+++ Exercise inputs

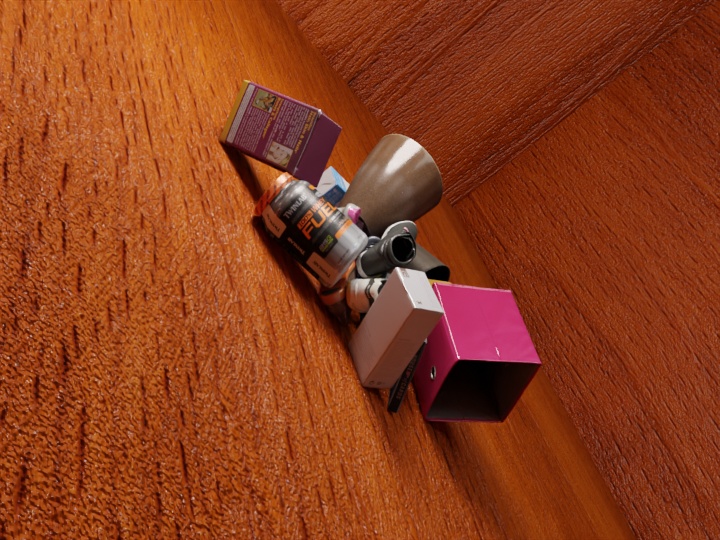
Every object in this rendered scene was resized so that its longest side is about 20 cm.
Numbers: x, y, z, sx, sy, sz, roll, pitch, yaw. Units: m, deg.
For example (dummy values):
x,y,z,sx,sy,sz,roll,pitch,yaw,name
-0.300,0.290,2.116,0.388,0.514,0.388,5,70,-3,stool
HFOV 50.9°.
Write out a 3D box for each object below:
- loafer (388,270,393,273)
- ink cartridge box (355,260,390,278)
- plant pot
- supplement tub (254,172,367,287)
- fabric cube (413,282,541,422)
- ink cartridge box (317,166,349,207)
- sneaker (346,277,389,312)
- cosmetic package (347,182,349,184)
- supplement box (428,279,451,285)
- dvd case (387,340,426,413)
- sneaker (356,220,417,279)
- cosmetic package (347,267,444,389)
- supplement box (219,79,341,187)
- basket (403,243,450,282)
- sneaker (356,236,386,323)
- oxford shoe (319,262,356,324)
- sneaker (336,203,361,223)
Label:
x,y,z,sx,sy,sz,roll,pitch,yaw,name
0.050,-0.052,1.668,0.068,0.075,0.202,47,24,-19,loafer
0.000,0.000,1.659,0.118,0.067,0.199,58,15,16,ink cartridge box
0.044,-0.151,1.590,0.200,0.186,0.188,-43,99,-31,plant pot
-0.092,-0.076,1.386,0.199,0.123,0.123,41,15,0,supplement tub
0.223,0.172,1.566,0.194,0.199,0.202,5,44,-19,fabric cube
-0.044,-0.123,1.697,0.199,0.114,0.069,40,20,-42,ink cartridge box
0.061,0.057,1.436,0.198,0.086,0.078,8,79,-52,sneaker
-0.016,-0.131,1.864,0.199,0.086,0.105,36,23,-53,cosmetic package
0.161,0.066,1.697,0.067,0.068,0.199,59,20,19,supplement box
0.092,0.162,1.453,0.024,0.154,0.200,20,17,0,dvd case
0.082,-0.049,1.459,0.199,0.098,0.072,-38,105,-47,sneaker
0.059,0.105,1.340,0.072,0.202,0.103,9,39,-33,cosmetic package
-0.156,-0.267,1.474,0.197,0.134,0.103,27,3,25,supplement box
0.093,-0.010,1.823,0.201,0.180,0.136,52,9,34,basket
0.020,0.033,1.527,0.078,0.064,0.207,-155,-118,-76,sneaker
-0.038,0.039,1.483,0.201,0.070,0.074,-71,141,-65,oxford shoe
-0.067,-0.086,1.507,0.087,0.199,0.083,31,62,-15,sneaker

++++++

# [Work required]
The entries should be reproduced word for word, pictures omitted.

# [Response to the exercise]
Every object in this rendered scene was resized so that its longest side is about 20 cm.
Numbers: x, y, z, sx, sy, sz, roll, pitch, yaw. Units: m, deg.
For example (dummy values):
x,y,z,sx,sy,sz,roll,pitch,yaw,name
-0.300,0.290,2.116,0.388,0.514,0.388,5,70,-3,stool
HFOV 50.9°.
Write out a 3D box for each object below:
- loafer (388,270,393,273)
- ink cartridge box (355,260,390,278)
- plant pot
- supplement tub (254,172,367,287)
- fabric cube (413,282,541,422)
- ink cartridge box (317,166,349,207)
- sneaker (346,277,389,312)
- cosmetic package (347,182,349,184)
- supplement box (428,279,451,285)
- dvd case (387,340,426,413)
- sneaker (356,220,417,279)
- cosmetic package (347,267,444,389)
- supplement box (219,79,341,187)
- basket (403,243,450,282)
- sneaker (356,236,386,323)
- oxford shoe (319,262,356,324)
- sneaker (336,203,361,223)
Label:
x,y,z,sx,sy,sz,roll,pitch,yaw,name
0.050,-0.052,1.668,0.068,0.075,0.202,47,24,-19,loafer
0.000,0.000,1.659,0.118,0.067,0.199,58,15,16,ink cartridge box
0.044,-0.151,1.590,0.200,0.186,0.188,-43,99,-31,plant pot
-0.092,-0.076,1.386,0.199,0.123,0.123,41,15,0,supplement tub
0.223,0.172,1.566,0.194,0.199,0.202,5,44,-19,fabric cube
-0.044,-0.123,1.697,0.199,0.114,0.069,40,20,-42,ink cartridge box
0.061,0.057,1.436,0.198,0.086,0.078,8,79,-52,sneaker
-0.016,-0.131,1.864,0.199,0.086,0.105,36,23,-53,cosmetic package
0.161,0.066,1.697,0.067,0.068,0.199,59,20,19,supplement box
0.092,0.162,1.453,0.024,0.154,0.200,20,17,0,dvd case
0.082,-0.049,1.459,0.199,0.098,0.072,-38,105,-47,sneaker
0.059,0.105,1.340,0.072,0.202,0.103,9,39,-33,cosmetic package
-0.156,-0.267,1.474,0.197,0.134,0.103,27,3,25,supplement box
0.093,-0.010,1.823,0.201,0.180,0.136,52,9,34,basket
0.020,0.033,1.527,0.078,0.064,0.207,-155,-118,-76,sneaker
-0.038,0.039,1.483,0.201,0.070,0.074,-71,141,-65,oxford shoe
-0.067,-0.086,1.507,0.087,0.199,0.083,31,62,-15,sneaker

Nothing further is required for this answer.